- Born: Chula Vista, California, U.S.
- Education: University of California, San Diego San Francisco State University
- Occupations: Poet, playwright, spoken-word artist, educator
- Notable work: We Have Iré Along the Border Lies We Still Be
- Awards: American Book Award (2024) PEN Oakland/Josephine Miles Literary Award (2003) Doris Duke Artist Award (2015) Creative Capital Award (2019)

= Paul S. Flores =

American poet, playwright, and spoken-word artist

Paul Stojsavljevic Flores (born 1972) is a Mexican and Cuban American poet, playwright, spoken word artist, and educator whose work addresses issues of immigration, identity, violence, and healing in Latino and immigrant communities. Through bilingual performance, docu-theater, and community engagement, Flores explores themes of transnationalism, cultural memory, and social justice. He is the 2024 American Book Awards recipient for his debut poetry collection We Still Be: Poems and Performances. He also received the PEN Oakland/Josephine Miles Literary Award for his novel Along the Border Lies.

==Early life and education==
Flores was raised in Chula Vista, California, near the U.S.-Mexico border. His upbringing and family heritage, Serbian on his father’s side and half Cuban-half Mexican on his mother’s, influence much of his work. He briefly played professional baseball with the Chicago Cubs in 1992 before pursuing higher education. He earned a B.A. in Literature and Writing from the University of California, San Diego, and later completed an M.F.A. in Creative Writing at San Francisco State University.

==Career==
===Performance and theater===
Flores emerged as a spoken‑word artist in the mid‑1990s, co‑founding performance groups such as Youth Speaks, Brave New Voices and Los Delicados. He appeared on Seasons 3 and 4 of HBO’s Def Poetry and toured internationally, performing in Cuba, Mexico, and El Salvador. His work blends interview‑based theater with indigenous and Latino healing traditions to address topics like gentrification, incarceration, border militarization, and police violence.
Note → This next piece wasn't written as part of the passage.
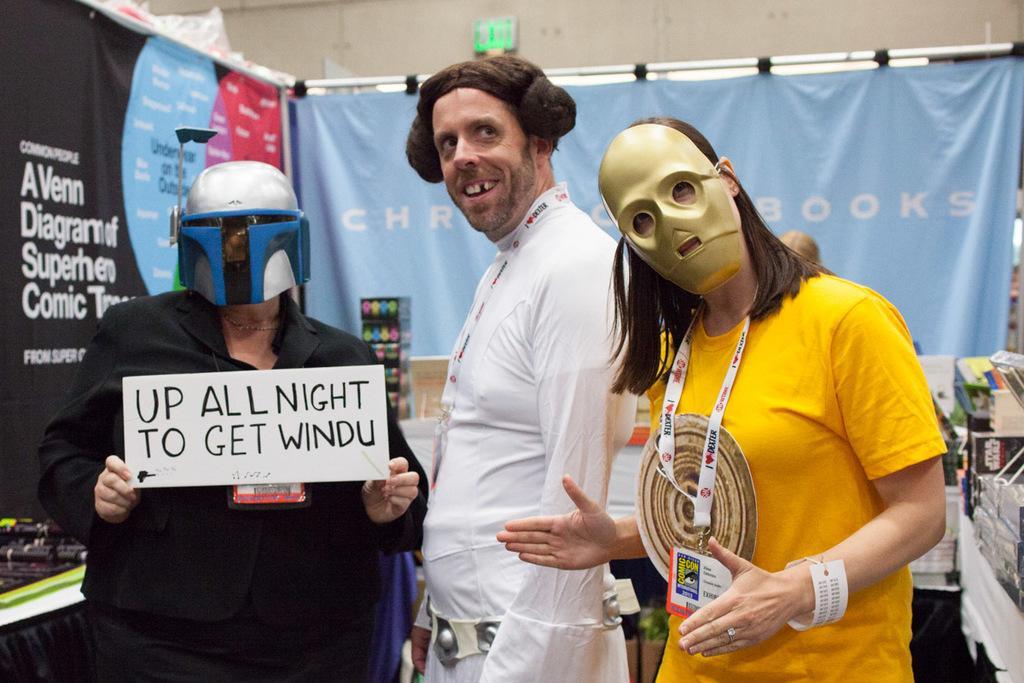Can you describe this image briefly? In this image we can see three persons. One person is wearing a mask and tag. Another person is wearing a helmet and holding a board with some text. In the back there are banners with some text. Also there are few other items. In the background there is a wall. 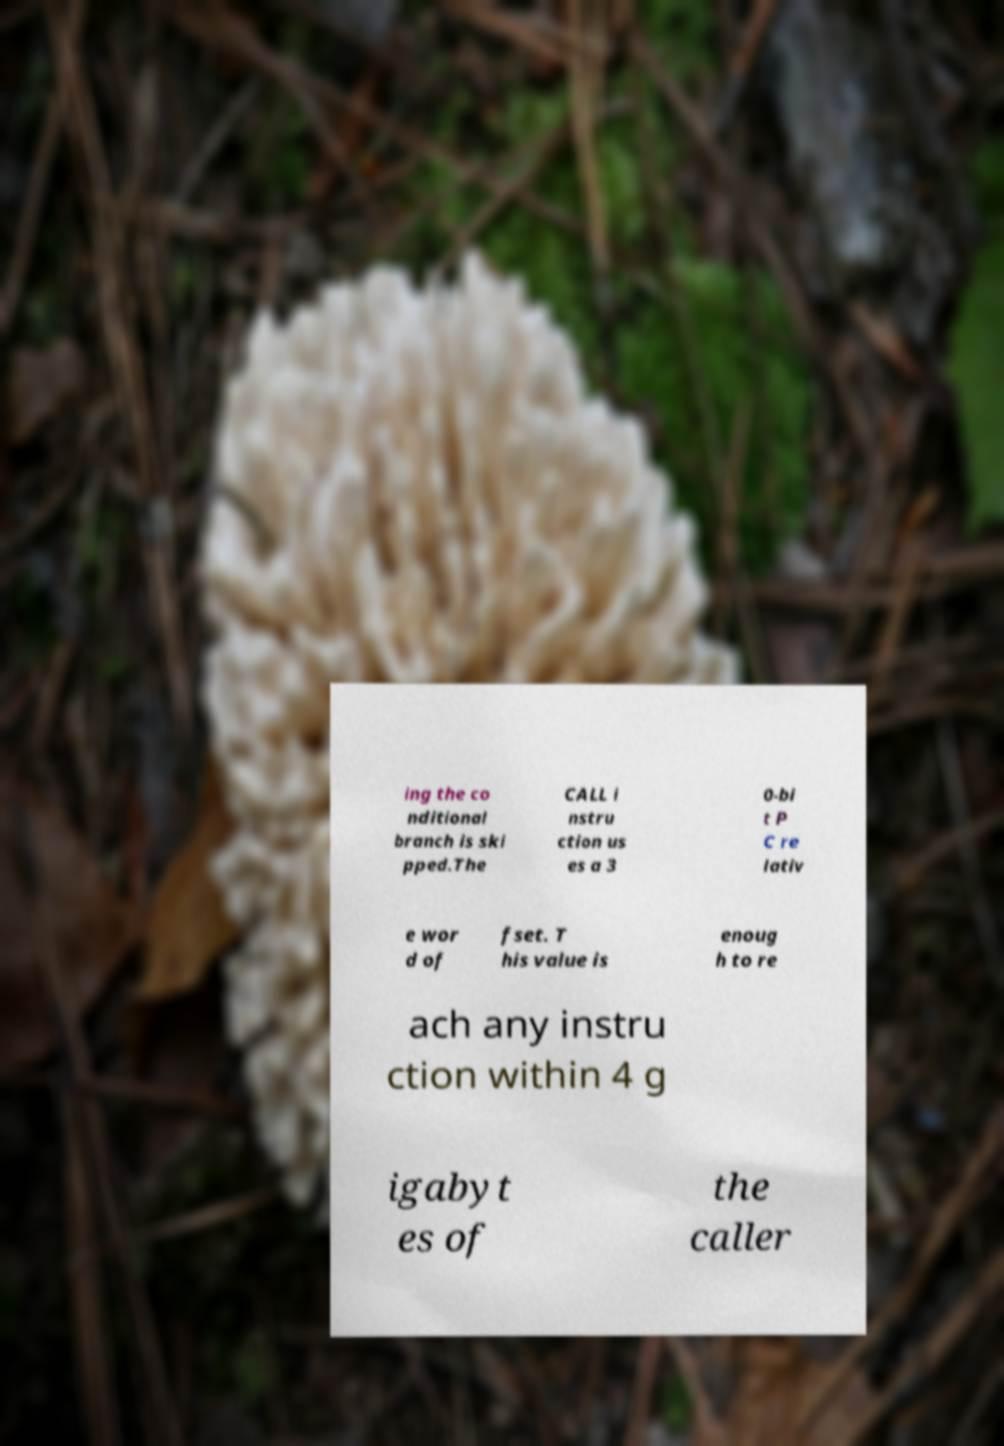Can you read and provide the text displayed in the image?This photo seems to have some interesting text. Can you extract and type it out for me? ing the co nditional branch is ski pped.The CALL i nstru ction us es a 3 0-bi t P C re lativ e wor d of fset. T his value is enoug h to re ach any instru ction within 4 g igabyt es of the caller

He has authored several plays, including We Have Iré (premiered 2019), Plaças: The Most Dangerous Tattoo, and On the Hill: I Am Alex Nieto. These works have been commissioned and performed by institutions such as Yerba Buena Center for the Arts, Pregones Theater, Creative Capital, the National Endowment for the Arts, and the SF Arts Commission.

===Writing===
In 2003, Flores published his novel Along the Border Lies, which received the PEN Oakland/Josephine Miles Literary Award. His debut poetry collection, We Still Be: Poems and Performances (El Martillo Press, 2023), earned the American Book Award in 2024. The book is a fusion of performance poetry, memoir, and activism, reflecting on his experiences in San Francisco’s Mission District in the context of contemporary Latino life.

===Teaching and community work===
Flores serves as an adjunct professor of theater and spoken word at the University of San Francisco and San Francisco State University. He also works as a teaching artist within the Prison Arts Project at California Medical Facility and San Quentin State Prison. Additionally, he is cultural event producer at Acción Latina and curates Paseo Artistico, a free bilingual art stroll in the Mission District.

==Selected works==
- We Have Iré (2019)
- PLACAS: The Most Dangerous Tattoo (2012)
- On The Hill: I Am Alex Nieto (2016)
- You’re Gonna Cry
- Along the Border Lies
- The Chicano Messengers of Spoken Word
- Los Delicados: Word Descarga
- We Still Be: Poems and Performances (2023)

==Recognition and honors==
- Doris Duke Performing Artist Award (2015)
- Creative Capital Award for We Have Iré (2019)
- American Book Award for We Still Be (2024)
- MAP Fund (multiple years)
- National Association of Latino Arts and Cultures (NALAC) Catalyst for Change Award (2020)
- KQED Latino Heritage Local Hero Award (2014)
- Walter & Elise Haas Creative Work Fund
- California Arts Council grants (multiple years)

==Personal life==
Flores resides in San Francisco, California, where he develop performance work and mentor youth as an arts educator.